Endosperm and plant phenotypes of r-X1 deficiency hemizygotes
--D. Weber and M. Schneerman

The r-X1 deficiency is an X-ray induced submicroscopic deficiency that includes the r locus on chromosome 10. The deficiency is not transmitted through male gametes; however, it is transmitted with high efficiency through female gametes. If R/r-X1 plants (which are heterozygous for the deficiency) are testcrossed as female parents, about 55-60% of the kernels are colored (R/r) and 40-45% are colorless (r/r-X1) deficiency-bearing kernels. Plants germinated from the R/r kernels from the above cross are invariably diploid while those germinated from r/r-X1 kernels include 10-18% monosomics and 10-18% trisomics. The remaining plants are mostly diploids; however, multiply aneuploid plants and plants with deficiencies are also produced (reviewed in Weber, Maize Handbook ed. M. Freeling and V. Walbot, pp. 350-358, 1994). Thus, aneuploids are only produced from embryo sacs that contain the r-X1 deficiency. Clearly, a factor is present on chromosome 10 that is deleted in the r-X1 deficiency that is necessary for normal chromosomal disjunction during one or more of the embryo sac divisions. In the current study, we wanted to examine the effect of the r-X1 deficiency in the hemizygous condition in endosperm and embryo cells to determine if additional genetic factors could be assigned to the r-X1 deficiency.

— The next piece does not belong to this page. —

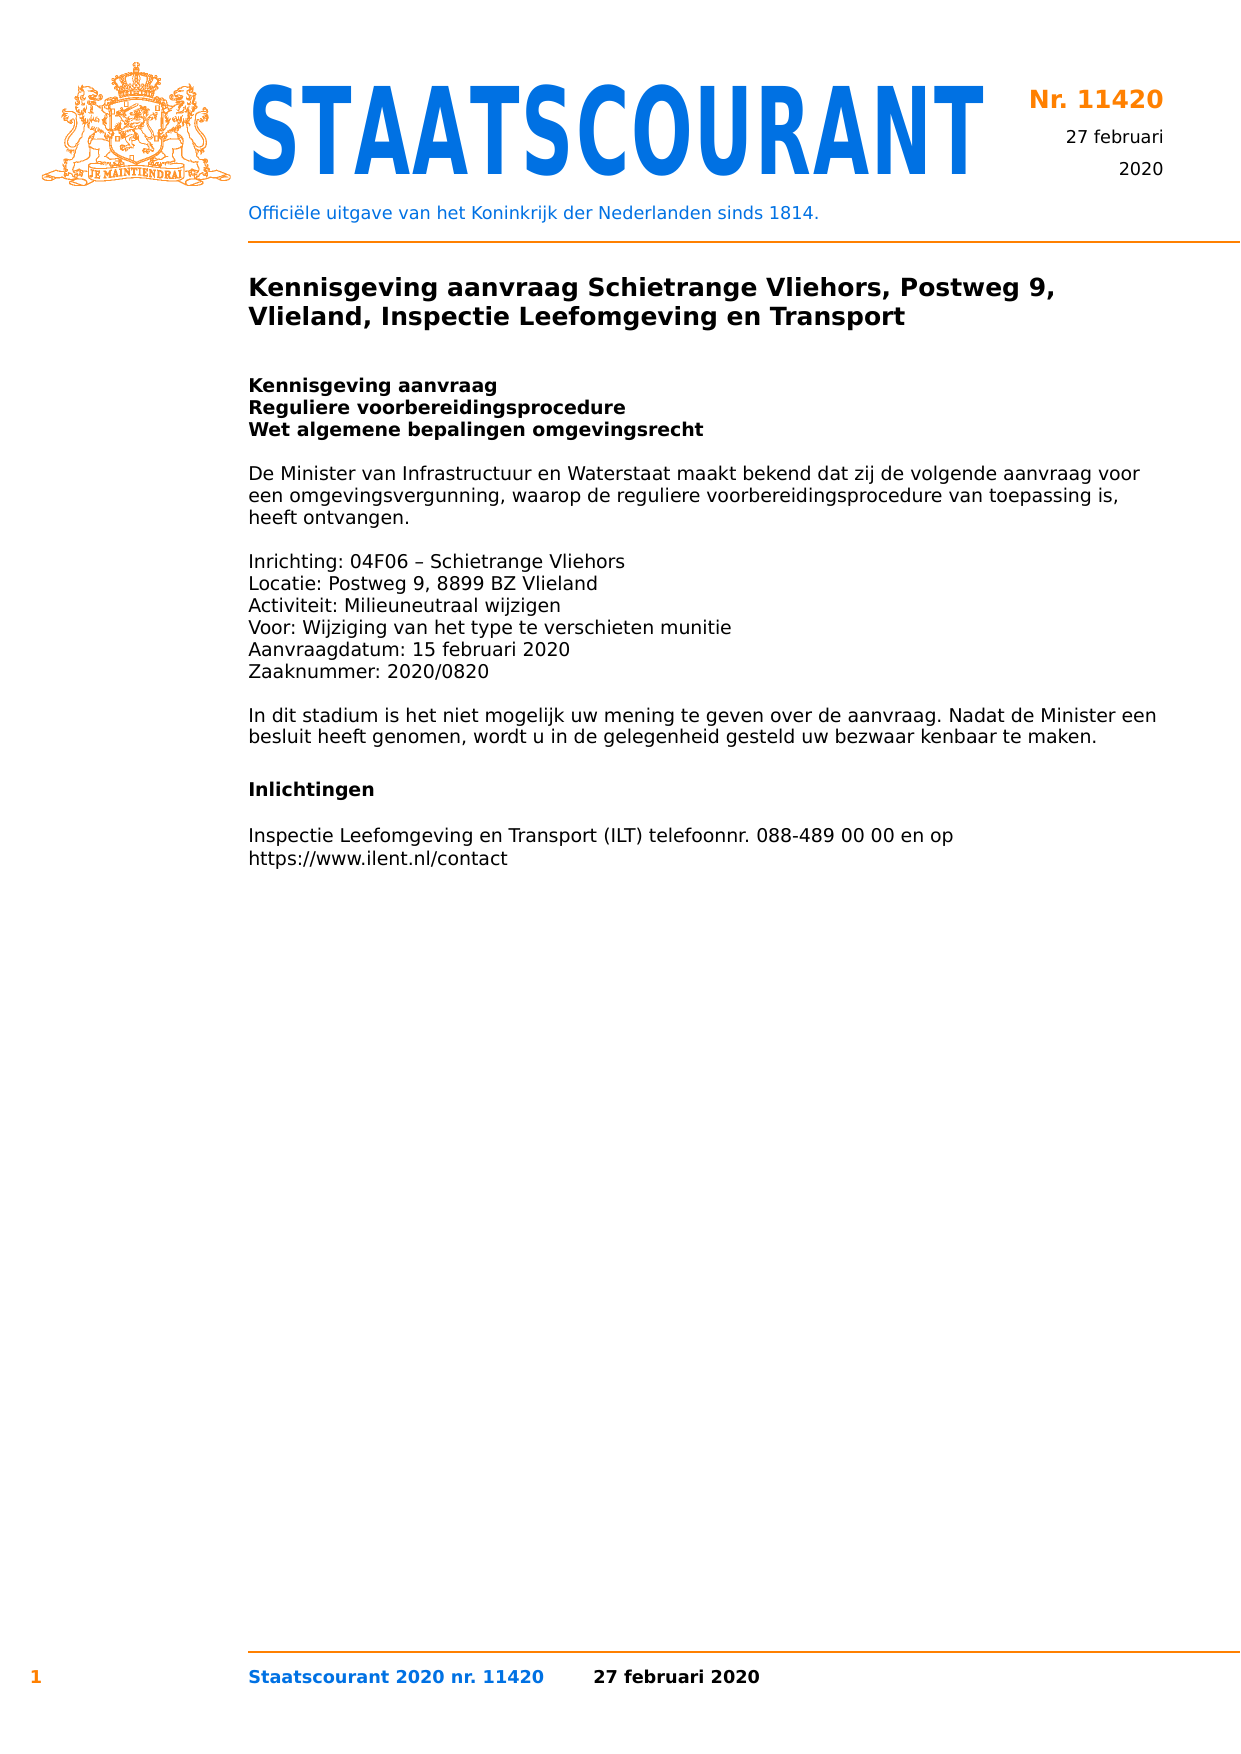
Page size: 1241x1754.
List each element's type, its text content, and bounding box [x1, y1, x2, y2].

Production of endosperm sectors that are hemizygous for the r-X1 deficiency. Jerry Neuffer, University of Missouri, generously provided us with a stock that had a chromosome-breaking Ds that was proximal to the R locus (between the R locus and the centromere) on chromosome 10. Neuffer selfed an Ac-containing r-g/R-sc Ds4 plant and selected mottled kernels which were sent to us. These mottled kernels were produced when the Ds breaks the R-sc-bearing chromosome proximal to the R locus, the other homolog contains r-g, and Ac is present. In other words, the mottled kernels should have the same genotype as the original selfed Ac-containing r-g/R-sc Ds4 plant. The number of Ac elements that were present is not known. We crossed these as male parents on R/r-X1 plants in the inbred W22. This cross is diagrammed below (the r-X1 deficiency is shown as a gap in the chromosome):

Kernels with the following four types of endosperms are expected (some have an Ac) (for simplicity, only one of the two identical maternally contributed chromosomes is shown):

Kernel types 1 and 2 are colored because they have a dominant allele of the R locus and kernel type 3 is colorless because it has one recessive r-g allele and a deficiency that includes the r locus. In kernel type 4, the Ds causes breaks in 10L proximal to the R locus if an Ac is present. Thus, the endosperms of these kernels should contain cells with the genetic constitution indicated above and some cells that are hemizygous for the r-X1 deficiency as diagrammed here:

Several different ears produced by the above cross each contained kernels with three different endosperm phenotypes. Type I kernels had purple normal endosperm, type II kernels had colorless normal endosperm, and type III kernels had purple etched endosperm. Type III kernels were usually somewhat smaller than the other two kernel types. We conclude that type I kernels had genotypes 1, 2, or 4 with no Ac, type II kernels had genotype 3, and type III kernels had genotype 4 with an Ac. Thus, it appears that kernel type III had a mixture of viable and inviable (or at least very slow-growing) cells to produce the etched phenotype, and we conclude that cells hemizygous for the r-X1 deficiency are inviable, and that a gene necessary for survival of endosperm cells has been lost in the segment that is deleted in the r-X1 deficiency.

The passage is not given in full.